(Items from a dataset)
★ ★ ★ ★

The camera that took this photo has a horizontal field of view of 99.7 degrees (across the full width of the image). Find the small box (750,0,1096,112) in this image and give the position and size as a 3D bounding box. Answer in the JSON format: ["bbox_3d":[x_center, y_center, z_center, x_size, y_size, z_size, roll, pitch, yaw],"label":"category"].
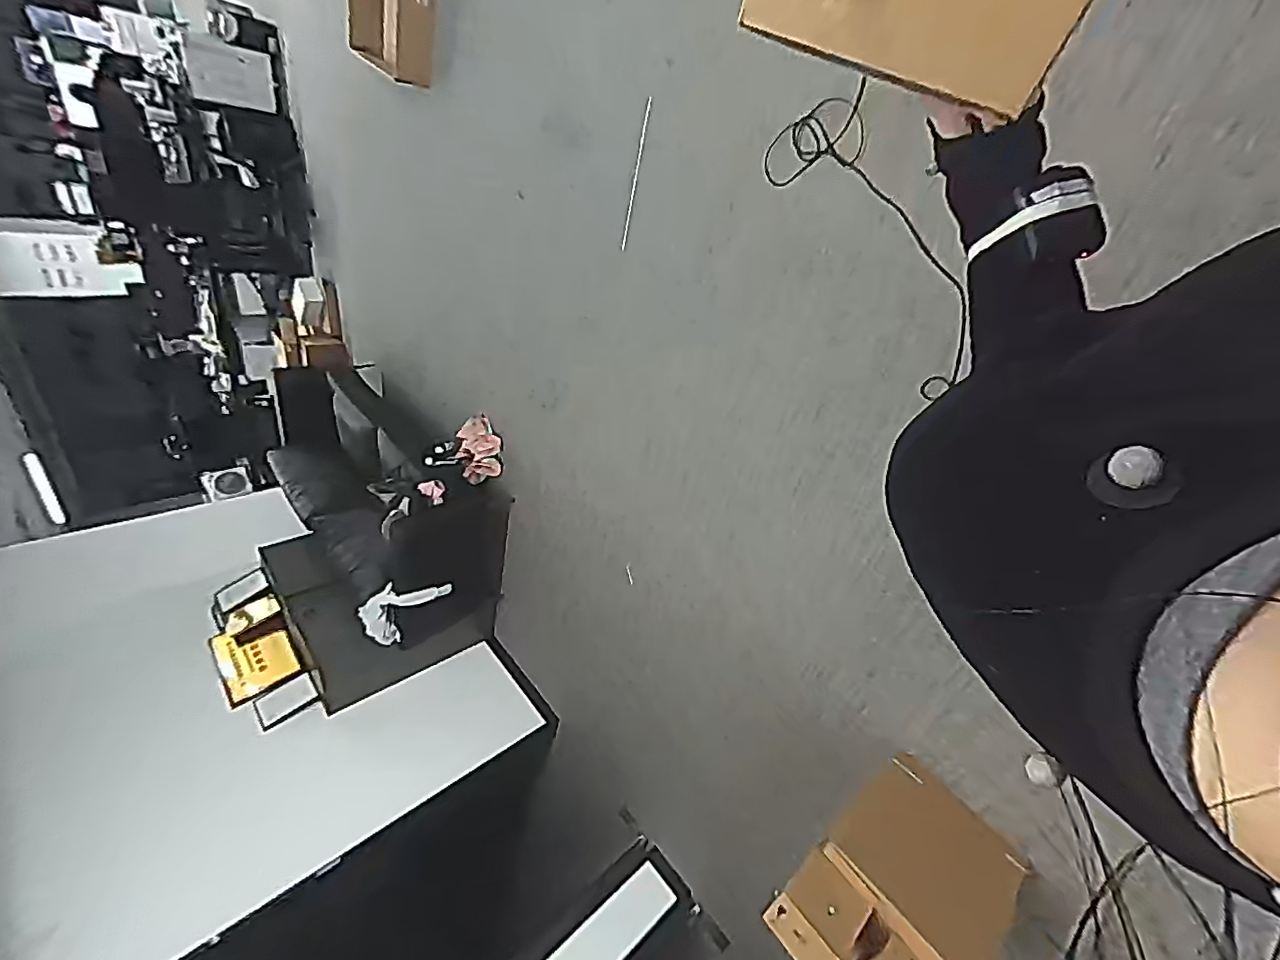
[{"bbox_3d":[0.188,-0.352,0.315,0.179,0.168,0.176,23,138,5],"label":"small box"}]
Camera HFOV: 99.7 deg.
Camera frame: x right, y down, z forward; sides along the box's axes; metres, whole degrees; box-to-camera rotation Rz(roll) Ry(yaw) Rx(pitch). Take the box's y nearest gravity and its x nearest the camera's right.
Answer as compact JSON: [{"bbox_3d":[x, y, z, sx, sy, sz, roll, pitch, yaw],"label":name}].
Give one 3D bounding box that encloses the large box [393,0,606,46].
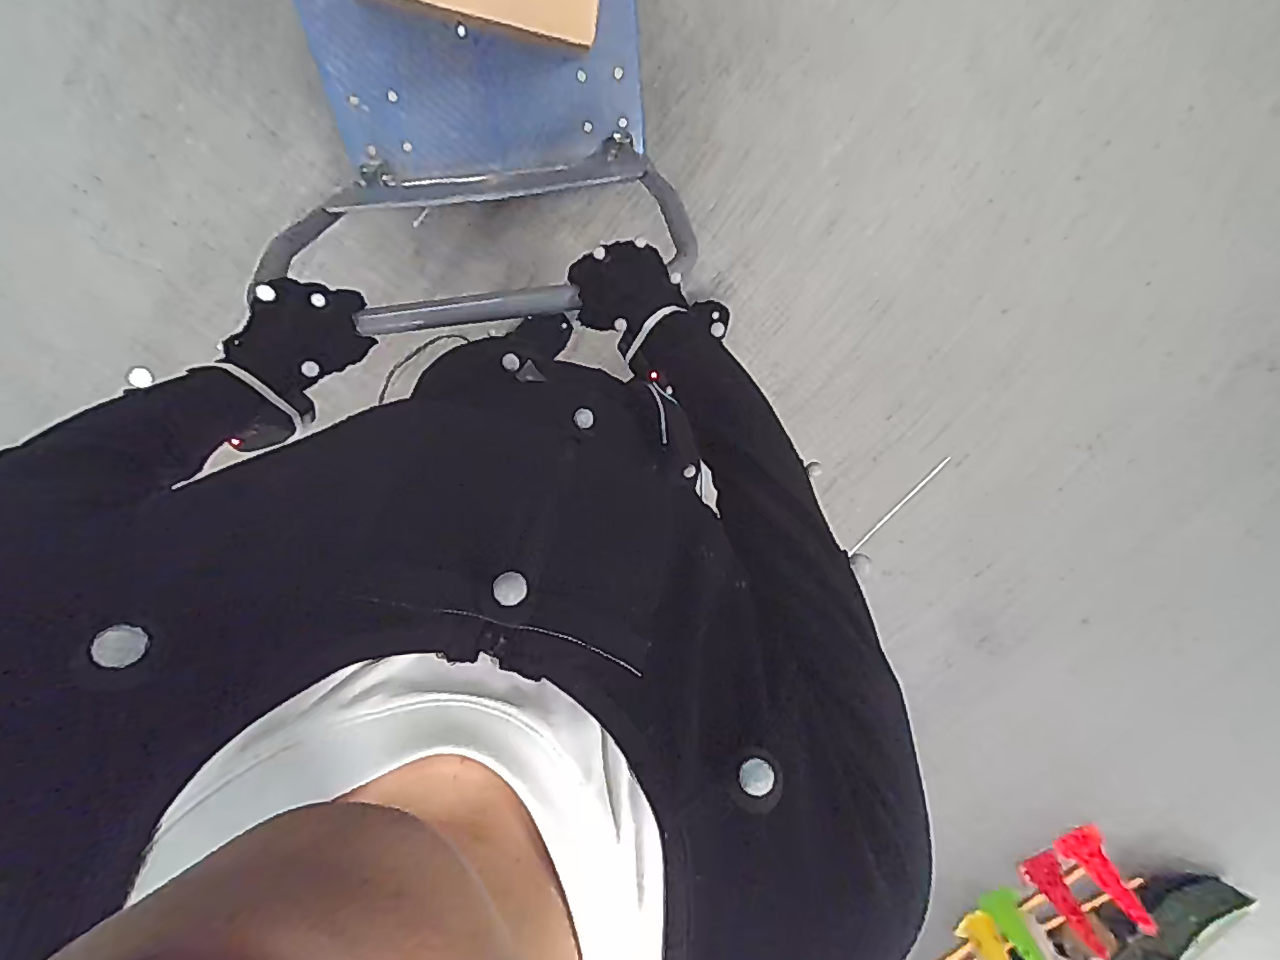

★ ★ ★ ★

# Problem
Excluding the pictures, write out exactly the lines from the line that contains "Answer as compact" through the end of the records.

# Solution for this problem
Answer as compact JSON: [{"bbox_3d":[x, y, z, sx, sy, sz, roll, pitch, yaw],"label":name}].
Give one 3D bounding box that encloses the large box [393,0,606,46].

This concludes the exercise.